■ **TASK INSTRUCTIONS**: Every line from the opening of the records to the line with "text A vagyonvédelmi" should be restated exactly, with both ends included and the pictures left out.

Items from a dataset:

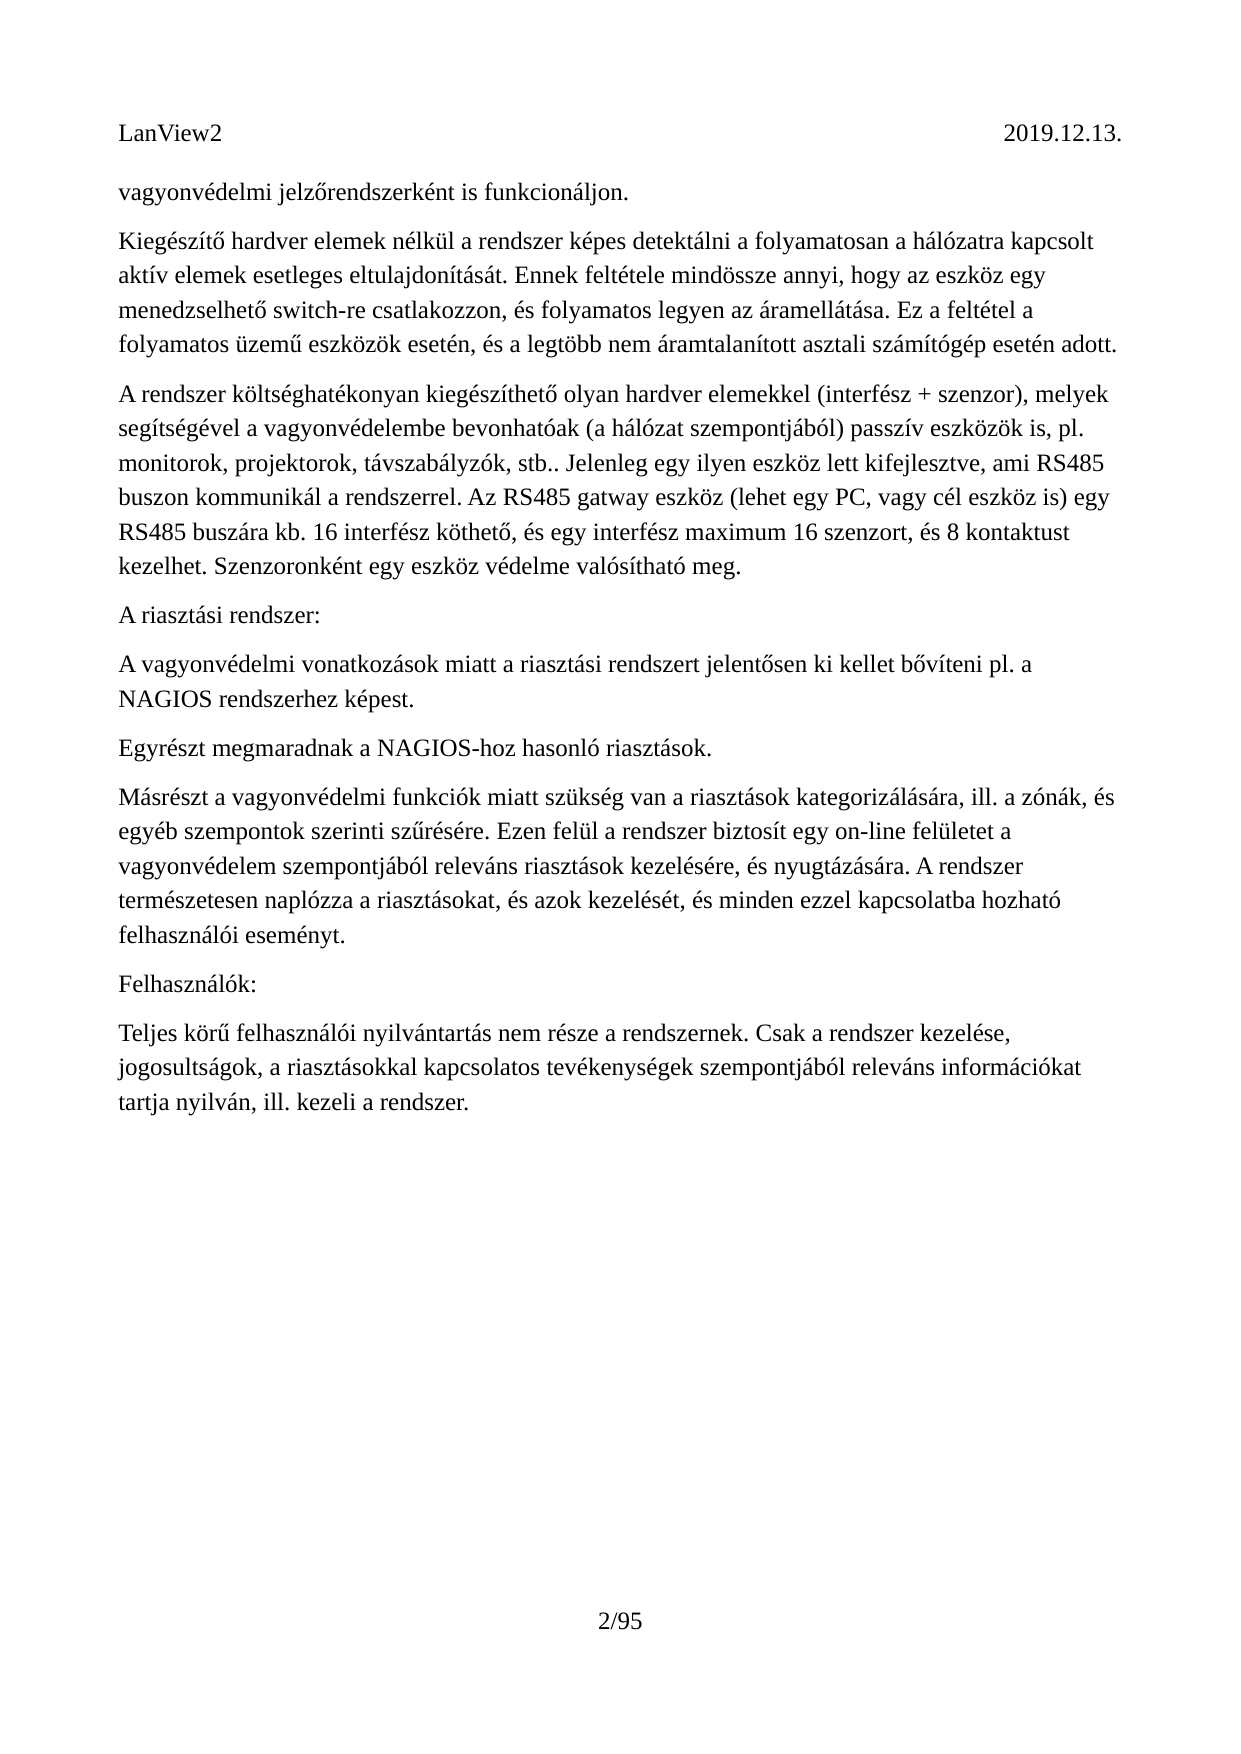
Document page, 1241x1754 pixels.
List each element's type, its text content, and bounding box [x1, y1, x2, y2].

text A vagyonvédelmi vonatkozások miatt a riasztási rendszert jelentősen ki kellet bővíteni pl. a NAGIOS rendszerhez képest. [118, 649, 1122, 712]
text Másrészt a vagyonvédelmi funkciók miatt szükség van a riasztások kategorizálására, ill. a zónák, és egyéb szempontok szerinti szűrésére. Ezen felül a rendszer biztosít egy on-line felületet a vagyonvédelem szempontjából releváns riasztások kezelésére, és nyugtázására. A rendszer természetesen naplózza a riasztásokat, és azok kezelését, és minden ezzel kapcsolatba hozható felhasználói eseményt. [118, 782, 1122, 948]
text Teljes körű felhasználói nyilvántartás nem része a rendszernek. Csak a rendszer kezelése, jogosultságok, a riasztásokkal kapcsolatos tevékenységek szempontjából releváns információkat tartja nyilván, ill. kezeli a rendszer. [118, 1018, 1122, 1116]
text A riasztási rendszer: [118, 600, 1122, 629]
text Felhasználók: [118, 969, 1122, 997]
text Egyrészt megmaradnak a NAGIOS-hoz hasonló riasztások. [118, 733, 1122, 761]
text Kiegészítő hardver elemek nélkül a rendszer képes detektálni a folyamatosan a hálózatra kapcsolt aktív elemek esetleges eltulajdonítását. Ennek feltétele mindössze annyi, hogy az eszköz egy menedzselhető switch-re csatlakozzon, és folyamatos legyen az áramellátása. Ez a feltétel a folyamatos üzemű eszközök esetén, és a legtöbb nem áramtalanított asztali számítógép esetén adott. [118, 226, 1122, 358]
text vagyonvédelmi jelzőrendszerként is funkcionáljon. [118, 177, 1122, 206]
text A rendszer költséghatékonyan kiegészíthető olyan hardver elemekkel (interfész + szenzor), melyek segítségével a vagyonvédelembe bevonhatóak (a hálózat szempontjából) passzív eszközök is, pl. monitorok, projektorok, távszabályzók, stb.. Jelenleg egy ilyen eszköz lett kifejlesztve, ami RS485 buszon kommunikál a rendszerrel. Az RS485 gatway eszköz (lehet egy PC, vagy cél eszköz is) egy RS485 buszára kb. 16 interfész köthető, és egy interfész maximum 16 szenzort, és 8 kontaktust kezelhet. Szenzoronként egy eszköz védelme valósítható meg. [118, 379, 1122, 580]

■ **RESPONSE FOR THIS EXERCISE**:
Document page, 1241x1754 pixels.
List each element's type, its text content, and bounding box [x1, y1, x2, y2].

text A vagyonvédelmi vonatkozások miatt a riasztási rendszert jelentősen ki kellet bővíteni pl. a NAGIOS rendszerhez képest. [118, 649, 1122, 712]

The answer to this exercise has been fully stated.